Work item – What you return must match the records word for word, except that pictures are dropped.

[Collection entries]

------------------------------------------------------------------------

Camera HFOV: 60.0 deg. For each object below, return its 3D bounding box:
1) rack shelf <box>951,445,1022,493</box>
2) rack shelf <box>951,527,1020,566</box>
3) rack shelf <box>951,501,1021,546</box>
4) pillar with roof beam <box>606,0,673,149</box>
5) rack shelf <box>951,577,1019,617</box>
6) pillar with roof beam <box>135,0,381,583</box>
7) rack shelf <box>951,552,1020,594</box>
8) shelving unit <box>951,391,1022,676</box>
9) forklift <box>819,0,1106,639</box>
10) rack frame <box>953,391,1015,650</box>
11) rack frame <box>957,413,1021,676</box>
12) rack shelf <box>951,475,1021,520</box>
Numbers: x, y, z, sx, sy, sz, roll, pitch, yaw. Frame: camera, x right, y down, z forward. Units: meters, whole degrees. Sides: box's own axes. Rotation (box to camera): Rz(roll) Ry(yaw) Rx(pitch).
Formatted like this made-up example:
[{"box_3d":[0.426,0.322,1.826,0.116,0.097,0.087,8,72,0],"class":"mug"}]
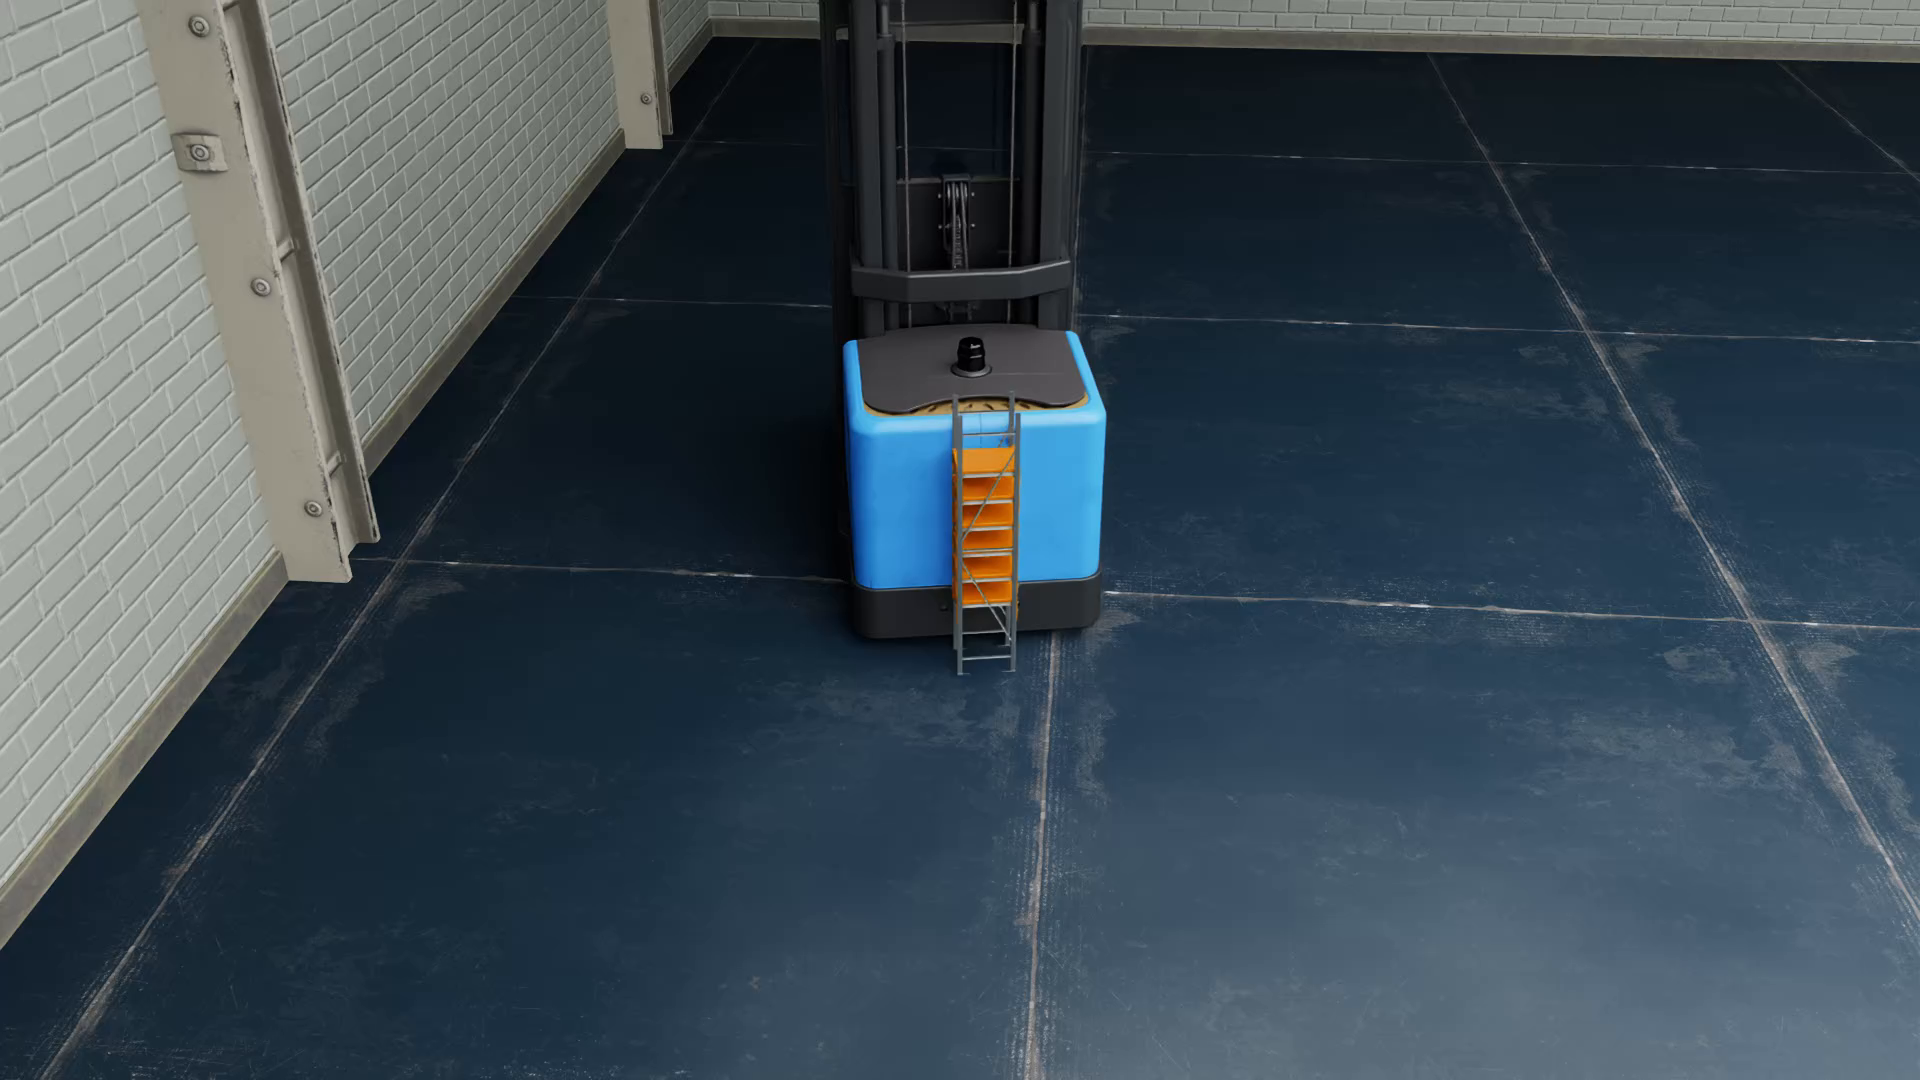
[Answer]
[{"box_3d":[0.100,-0.276,6.452,0.258,0.103,0.180,-3,32,-5],"class":"rack shelf"},{"box_3d":[0.100,0.031,6.641,0.258,0.103,0.180,-3,32,-5],"class":"rack shelf"},{"box_3d":[0.100,-0.071,6.578,0.258,0.103,0.180,-3,32,-5],"class":"rack shelf"},{"box_3d":[1.903,-6.703,10.050,9.100,9.000,0.400,2,32,4],"class":"pillar with roof beam"},{"box_3d":[0.100,0.235,6.767,0.258,0.103,0.180,-3,32,-5],"class":"rack shelf"},{"box_3d":[1.414,-3.566,4.959,9.100,9.000,0.400,2,32,4],"class":"pillar with roof beam"},{"box_3d":[0.100,0.133,6.704,0.258,0.103,0.180,-3,32,-5],"class":"rack shelf"},{"box_3d":[0.100,-0.007,6.618,0.258,1.200,0.189,-3,32,-5],"class":"shelving unit"},{"box_3d":[-0.062,-1.586,7.529,1.130,2.935,3.031,-3,32,-5],"class":"forklift"},{"box_3d":[0.092,-0.055,6.695,0.240,1.200,0.006,-3,32,-5],"class":"rack frame"},{"box_3d":[0.109,0.041,6.540,0.240,1.200,0.006,-3,32,-5],"class":"rack frame"},{"box_3d":[0.100,-0.174,6.515,0.258,0.103,0.180,-3,32,-5],"class":"rack shelf"}]

------------------------------------------------------------------------

Answer to this exercise –
Camera HFOV: 60.0 deg. For each object below, return its 3D bounding box:
1) rack shelf <box>951,445,1022,493</box>
2) rack shelf <box>951,527,1020,566</box>
3) rack shelf <box>951,501,1021,546</box>
4) pillar with roof beam <box>606,0,673,149</box>
5) rack shelf <box>951,577,1019,617</box>
6) pillar with roof beam <box>135,0,381,583</box>
7) rack shelf <box>951,552,1020,594</box>
8) shelving unit <box>951,391,1022,676</box>
9) forklift <box>819,0,1106,639</box>
10) rack frame <box>953,391,1015,650</box>
11) rack frame <box>957,413,1021,676</box>
12) rack shelf <box>951,475,1021,520</box>
Numbers: x, y, z, sx, sy, sz, roll, pitch, yaw. Frame: camera, x right, y down, z forward. Units: meters, whole degrees. Sides: box's own axes. Rotation (box to camera): Rz(roll) Ry(yaw) Rx(pitch).
Formatted like this made-up example:
[{"box_3d":[0.426,0.322,1.826,0.116,0.097,0.087,8,72,0],"class":"mug"}]
[Answer]
[{"box_3d":[0.100,-0.276,6.452,0.258,0.103,0.180,-3,32,-5],"class":"rack shelf"},{"box_3d":[0.100,0.031,6.641,0.258,0.103,0.180,-3,32,-5],"class":"rack shelf"},{"box_3d":[0.100,-0.071,6.578,0.258,0.103,0.180,-3,32,-5],"class":"rack shelf"},{"box_3d":[1.903,-6.703,10.050,9.100,9.000,0.400,2,32,4],"class":"pillar with roof beam"},{"box_3d":[0.100,0.235,6.767,0.258,0.103,0.180,-3,32,-5],"class":"rack shelf"},{"box_3d":[1.414,-3.566,4.959,9.100,9.000,0.400,2,32,4],"class":"pillar with roof beam"},{"box_3d":[0.100,0.133,6.704,0.258,0.103,0.180,-3,32,-5],"class":"rack shelf"},{"box_3d":[0.100,-0.007,6.618,0.258,1.200,0.189,-3,32,-5],"class":"shelving unit"},{"box_3d":[-0.062,-1.586,7.529,1.130,2.935,3.031,-3,32,-5],"class":"forklift"},{"box_3d":[0.092,-0.055,6.695,0.240,1.200,0.006,-3,32,-5],"class":"rack frame"},{"box_3d":[0.109,0.041,6.540,0.240,1.200,0.006,-3,32,-5],"class":"rack frame"},{"box_3d":[0.100,-0.174,6.515,0.258,0.103,0.180,-3,32,-5],"class":"rack shelf"}]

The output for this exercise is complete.